Comparative Examples 4 and 5 A biaxially oriented film and a thermal transfer ribbon comprising the same were prepared in the same manner as in Example 4 except that the type and amount of the lubricant to be added and the stretching conditions were changed to the values shown in Table 1. . Table 1 shows the evaluation results of the biaxially oriented film and the thermal transfer ribbon.

[0075]

[Table 1]

[0076]

According to the present invention, a biaxially oriented polyester having a moderately roughened surface, excellent workability during film forming, less breakage, and excellent flatness, particularly suitable for a thermal transfer ribbon. A film can be obtained.

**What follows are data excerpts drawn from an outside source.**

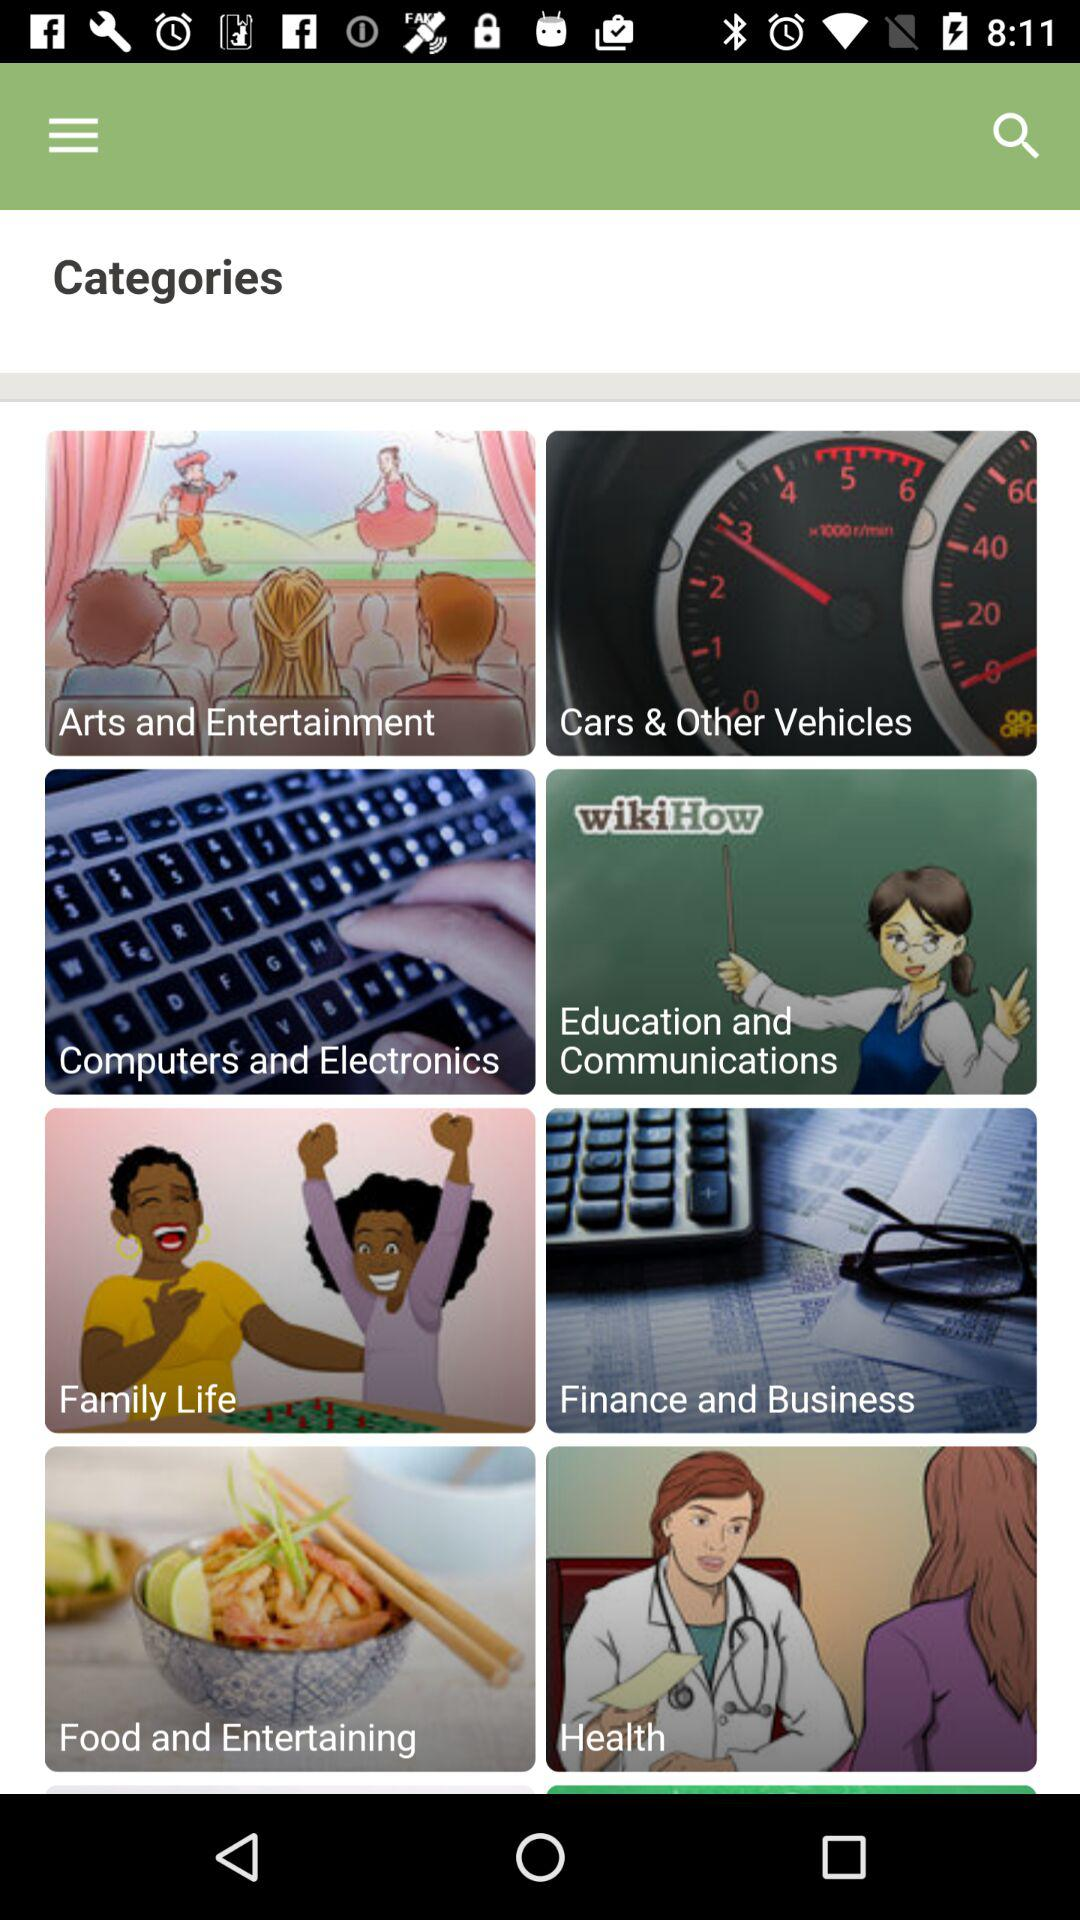What are the available options? The available options are "Arts and Entertainment", "Cars & Other Vehicles", "Computers and Electronics", "Education and Communications", "Family Life", "Finance and Business", "Food and Entertaining" and "Health". 
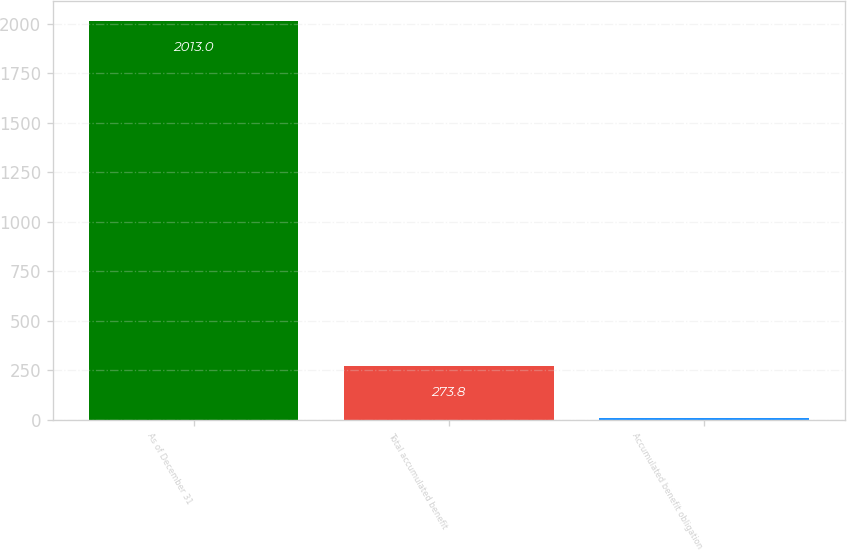Convert chart to OTSL. <chart><loc_0><loc_0><loc_500><loc_500><bar_chart><fcel>As of December 31<fcel>Total accumulated benefit<fcel>Accumulated benefit obligation<nl><fcel>2013<fcel>273.8<fcel>8.8<nl></chart> 
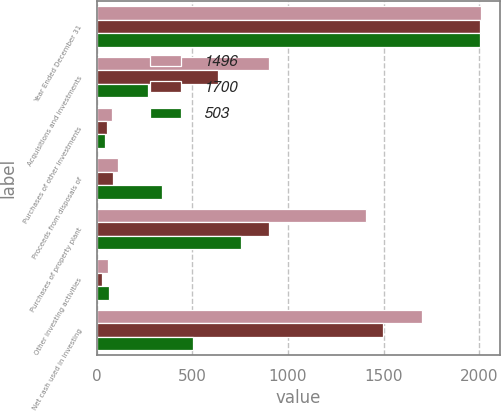Convert chart. <chart><loc_0><loc_0><loc_500><loc_500><stacked_bar_chart><ecel><fcel>Year Ended December 31<fcel>Acquisitions and investments<fcel>Purchases of other investments<fcel>Proceeds from disposals of<fcel>Purchases of property plant<fcel>Other investing activities<fcel>Net cash used in investing<nl><fcel>1496<fcel>2006<fcel>901<fcel>82<fcel>112<fcel>1407<fcel>62<fcel>1700<nl><fcel>1700<fcel>2005<fcel>637<fcel>53<fcel>88<fcel>899<fcel>28<fcel>1496<nl><fcel>503<fcel>2004<fcel>267<fcel>46<fcel>341<fcel>755<fcel>63<fcel>503<nl></chart> 
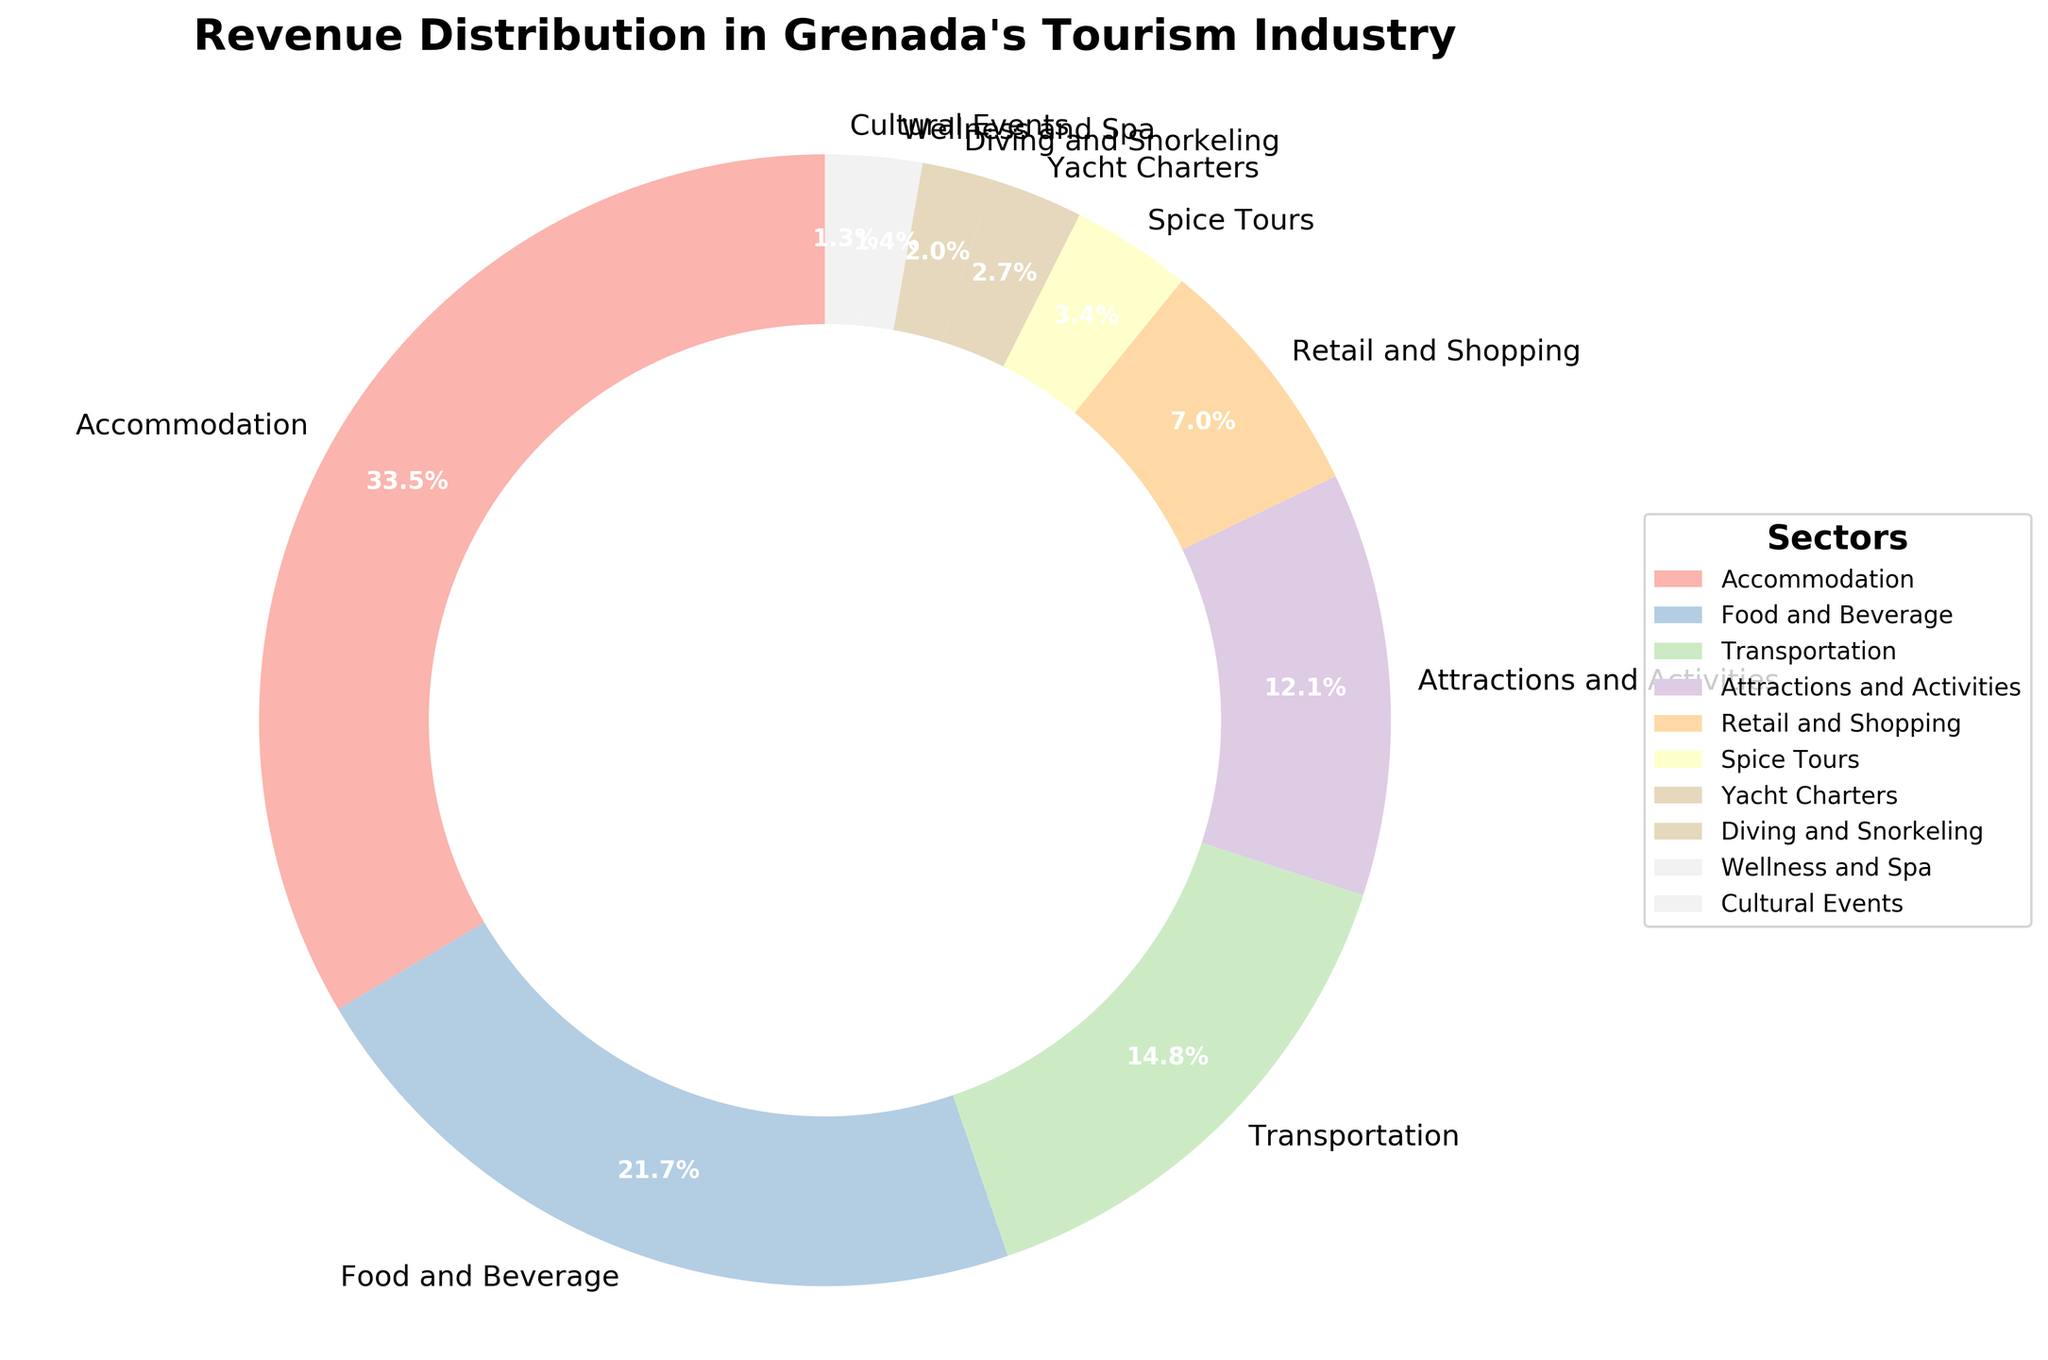Which sector has the highest revenue percentage? Looking at the pie chart, you can see that the sector with the largest slice is labeled "Accommodation".
Answer: Accommodation What is the combined revenue percentage of Food and Beverage and Retail and Shopping sectors? The revenue percentage for Food and Beverage is 22.8%, and for Retail and Shopping, it is 7.4%. Adding these together, 22.8 + 7.4 = 30.2%.
Answer: 30.2% Which sector has a higher revenue percentage, Wellness and Spa or Cultural Events? By observing the slices in the pie chart, the slice for Wellness and Spa is larger than that for Cultural Events. The percentages are 1.5% for Wellness and Spa and 1.4% for Cultural Events.
Answer: Wellness and Spa Which sector accounts for more revenue: Attractions and Activities or Transportation? The pie chart shows that the slice for Transportation (15.5%) is larger than the slice for Attractions and Activities (12.7%).
Answer: Transportation What is the total revenue percentage of all sectors with less than 5% revenue? The sectors under 5% are Spice Tours (3.6%), Yacht Charters (2.8%), Diving and Snorkeling (2.1%), Wellness and Spa (1.5%), and Cultural Events (1.4%). Adding these together: 3.6 + 2.8 + 2.1 + 1.5 + 1.4 = 11.4%.
Answer: 11.4% How much larger is the revenue percentage of Accommodation compared to Yacht Charters? The revenue percentage for Accommodation is 35.2% and for Yacht Charters it is 2.8%. Subtracting these, 35.2 - 2.8 = 32.4%.
Answer: 32.4% What is the average revenue percentage for the sectors Diving and Snorkeling, Wellness and Spa, and Cultural Events? The revenue percentages are Diving and Snorkeling (2.1%), Wellness and Spa (1.5%), and Cultural Events (1.4%). Adding these together: 2.1 + 1.5 + 1.4 = 5.0%, then dividing by the number of sectors (3), 5.0 / 3 ≈ 1.67%.
Answer: 1.67% Which sector whose revenue percentage is just above 3%? The sector with a revenue percentage just above 3% is Spice Tours, with a percentage of 3.6%.
Answer: Spice Tours What is the difference in revenue percentage between the largest and the smallest sector? The largest sector is Accommodation with 35.2%, and the smallest sector is Cultural Events with 1.4%. Subtracting these, 35.2 - 1.4 = 33.8%.
Answer: 33.8% How does the revenue percentage of Attractions and Activities compare to the combined revenue percentage of Diving and Snorkeling, Wellness and Spa, and Cultural Events? Combining the percentages of Diving and Snorkeling (2.1%), Wellness and Spa (1.5%), and Cultural Events (1.4%) gives us 2.1 + 1.5 + 1.4 = 5.0%. The percentage for Attractions and Activities is 12.7%, which is significantly higher than 5.0%.
Answer: Higher

──────────────────────────────────────────────────続 き Continued on the front page (51) Int.Cl. ⁷ Identification code FI Theme coat ゛ (Reference) C08K 3/34 C08L 67/02 C08L 67/02 B41M 5/26 B // B29K 67:00 105: 16 B29L 7:00 F-term (reference) 2H111 AA01 AA26 AA27 AA31 AA50 AB05 AB07 CA03 CA04 CA23 CA30 CA41 CA44 4F071 AA45 AA46 AB21 AB26 AH16 BB08 BC01 BC12 BC14 BC15 BC16 4F210 AA24 AA26 AB16 AE01 AG01 AH81 QA08 Q08 Q06 Q08 CFQ DE236 DJ007 FD016 FD017 GS00

Claims (5)

[Claims] 1. A calcium carbonate having an average particle size of 0.5 to 4 μm is 0.1 to 2% by weight, and an average particle size is 0.1 to 2%.
A biaxially oriented polyester film containing 0.05 to 1% by weight of 2.0 μm aluminum silicate, wherein the film has a center line average roughness of 10 to 40 nm, a space factor of 1 to 19%, and Surface height
The number of protrusions of 5 μm or more is 300 to 700 / cm ² or less, and the difference in height (thickness difference) between adjacent peaks and valleys in the continuous thickness chart of the film is within 8% of the average thickness. Biaxially oriented polyester film. 2. The biaxial orientation according to claim 1, wherein the difference in height (thickness difference) between adjacent peaks and valleys is within 5% of the average thickness, and the distance between adjacent peaks and valleys is 10 cm or more. Polyester film. 3. The biaxially oriented polyester film according to claim 1, wherein the biaxially oriented polyester film mainly comprises polyethylene terephthalate. 4. The biaxially oriented polyester film according to claim 1, wherein the biaxially oriented polyester film mainly comprises polyethylene-2,6-naphthalate. 5. The biaxially oriented polyester film according to claim 1, which is used as a base film for a thermal transfer ribbon.